The use case sounds simple: take a photo of an empty or poorly staged room and return a photorealistic version of what it could look like, furnished. Real estate agents send us the before. We send them the after.

Simple to describe. Much harder to build well. Over the past four months we have learned more about interior design, generative AI, and the Norwegian real estate market than we ever expected. This is a record of the technical and design decisions that shaped the product — and the mistakes that shaped us.

What broke first

Our first approach was prompt engineering on top of a general image model. The results were fine. Fine as in: technically not wrong, aesthetically not right. The model kept defaulting to a kind of mid-century American staging — warm woods, greenery, slightly oversaturated. It looked nothing like a Bergen apartment.

We needed to be more specific. Not just 'Scandinavian' — that's a Pinterest category, not a prompt. We started breaking it down: light temperature, material palette, ceiling height conventions, the particular way Norwegian homes mix old and new without irony.

We catalogued over 200 real estate listings from Finn.no, annotated the furniture styles, color temperatures, textile choices, and spatial arrangements that appeared most frequently in successful sales. Patterns emerged quickly: light floors, minimal window treatments, one statement piece per room, never more than three materials visible in a single sightline.

The real breakthrough was negative examples. We built a dataset of "almost right" images — stagings that looked Scandinavian to an outsider but wrong to anyone who has actually lived in Oslo or Bergen. Too much color. Too many textures. Furniture too large for the room. These anti-examples trained our classifier more effectively than the positive ones.

Building the visual language

Once we had a working prompt template, we needed to codify the visual rules into something more systematic. We created what we call a "style manifest" — a structured document that describes the target aesthetic in machine-readable terms. Not prose descriptions, but specific constraints: color temperature range (4200K-5500K), maximum saturation per channel, permitted material categories, spatial density targets.

This manifest became the backbone of our validation pipeline. Every generated image passes through a series of checks: Does the color palette fall within the defined range? Are the proportions of furniture appropriate for the room dimensions? Is the light direction consistent with the window placement in the original photo? Each check has a tolerance threshold, and the image only ships if all checks pass.

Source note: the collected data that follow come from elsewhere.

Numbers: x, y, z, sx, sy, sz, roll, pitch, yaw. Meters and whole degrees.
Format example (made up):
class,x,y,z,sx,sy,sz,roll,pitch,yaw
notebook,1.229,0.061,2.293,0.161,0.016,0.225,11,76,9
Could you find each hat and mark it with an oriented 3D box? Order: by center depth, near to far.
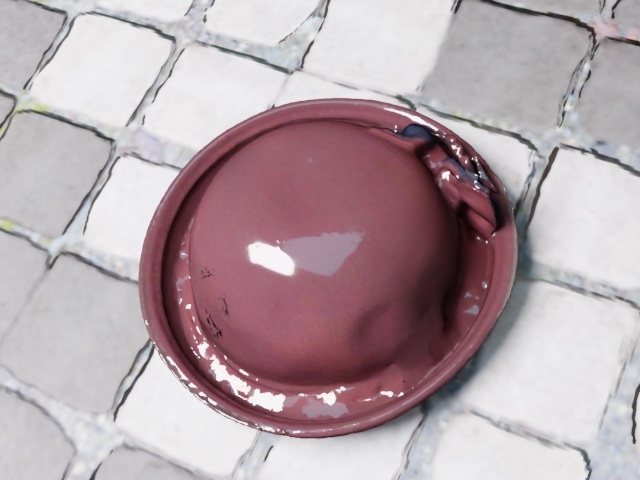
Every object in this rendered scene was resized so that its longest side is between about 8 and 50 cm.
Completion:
class,x,y,z,sx,sy,sz,roll,pitch,yaw
hat,0.000,0.000,0.457,0.205,0.089,0.205,-4,64,7
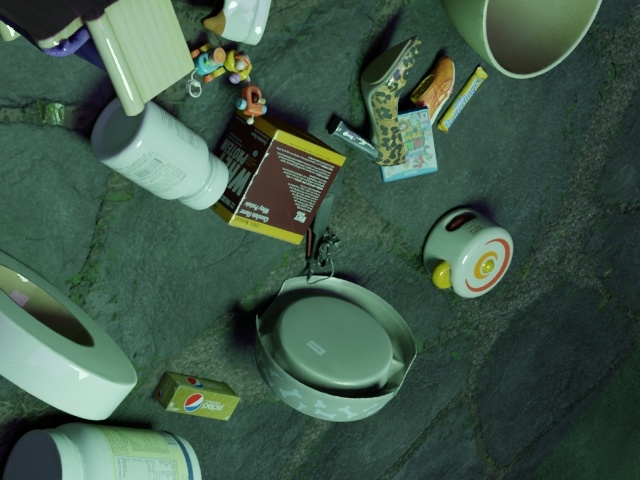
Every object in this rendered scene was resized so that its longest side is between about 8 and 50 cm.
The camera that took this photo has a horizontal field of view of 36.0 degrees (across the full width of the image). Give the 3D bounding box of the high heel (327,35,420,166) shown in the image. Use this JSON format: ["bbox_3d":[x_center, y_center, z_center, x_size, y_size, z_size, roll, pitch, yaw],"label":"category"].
[{"bbox_3d":[0.159,-0.271,1.964,0.186,0.093,0.261,27,114,-31],"label":"high heel"}]

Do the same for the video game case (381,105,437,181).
[{"bbox_3d":[0.179,-0.201,2.074,0.119,0.015,0.166,-13,132,3],"label":"video game case"}]

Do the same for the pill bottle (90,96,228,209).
[{"bbox_3d":[-0.266,-0.144,1.677,0.131,0.131,0.229,-53,138,2],"label":"pill bottle"}]

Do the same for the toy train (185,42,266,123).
[{"bbox_3d":[-0.153,-0.278,1.702,0.166,0.046,0.125,14,68,-42],"label":"toy train"}]

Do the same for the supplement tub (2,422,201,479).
[{"bbox_3d":[-0.417,0.475,1.898,0.325,0.235,0.235,17,105,-46],"label":"supplement tub"}]

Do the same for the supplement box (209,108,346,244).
[{"bbox_3d":[-0.095,-0.121,1.846,0.191,0.129,0.194,17,106,-46],"label":"supplement box"}]

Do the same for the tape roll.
[{"bbox_3d":[-0.451,0.123,1.511,0.072,0.392,0.392,-50,138,0],"label":"tape roll"}]

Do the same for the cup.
[{"bbox_3d":[0.354,-0.507,1.891,0.331,0.237,0.331,-22,130,-29],"label":"cup"}]

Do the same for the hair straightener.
[{"bbox_3d":[0.000,0.000,2.044,0.047,0.089,0.230,-15,127,-36],"label":"hair straightener"}]

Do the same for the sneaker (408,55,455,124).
[{"bbox_3d":[0.225,-0.303,2.052,0.067,0.064,0.175,15,105,-38],"label":"sneaker"}]

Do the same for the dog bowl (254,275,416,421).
[{"bbox_3d":[0.021,0.227,2.049,0.348,0.349,0.102,-12,137,-36],"label":"dog bowl"}]

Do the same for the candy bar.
[{"bbox_3d":[0.310,-0.306,2.157,0.161,0.018,0.040,-55,138,2],"label":"candy bar"}]

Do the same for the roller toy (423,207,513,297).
[{"bbox_3d":[0.353,0.032,2.333,0.209,0.146,0.191,16,106,-45],"label":"roller toy"}]

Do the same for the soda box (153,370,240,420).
[{"bbox_3d":[-0.257,0.327,2.068,0.181,0.058,0.061,21,103,-47],"label":"soda box"}]

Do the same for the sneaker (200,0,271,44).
[{"bbox_3d":[-0.127,-0.471,1.595,0.123,0.106,0.290,10,101,-19],"label":"sneaker"}]

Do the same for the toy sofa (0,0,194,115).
[{"bbox_3d":[-0.353,-0.295,1.325,0.177,0.362,0.150,-40,138,-23],"label":"toy sofa"}]

The early versions of this pipeline rejected about 60% of generated images. Today, after months of refinement to both the prompts and the validation rules, the acceptance rate is above 70%. Our target is 85% — the remaining 15% will always be edge cases where the room itself presents unusual challenges (extreme angles, unusual lighting, non-standard room shapes).

The architecture decision

We evaluated three approaches: fine-tuning a base model on a curated Nordic interiors dataset, prompt-engineering on top of a commercial API, and a hybrid that uses a commercial model for generation but a custom classifier to validate outputs against a Nordic reference set before returning them to the user.

We chose the hybrid. Fine-tuning was too expensive for the current stage and would need constant retraining as model quality improved. Pure prompt engineering wasn't consistent enough. The classifier approach let us ship something real without betting the product on a dataset we didn't have yet.

The classifier runs as an Edge Function on Vercel. It receives the generated image, runs it through a lightweight model that scores it on five dimensions (color fidelity, spatial plausibility, material accuracy, lighting consistency, and overall Nordic-ness), and returns a pass/fail with a confidence score. If it fails, we regenerate with adjusted parameters. The whole loop adds about 4 seconds to the user-facing latency — acceptable for a product where the alternative is days of manual work.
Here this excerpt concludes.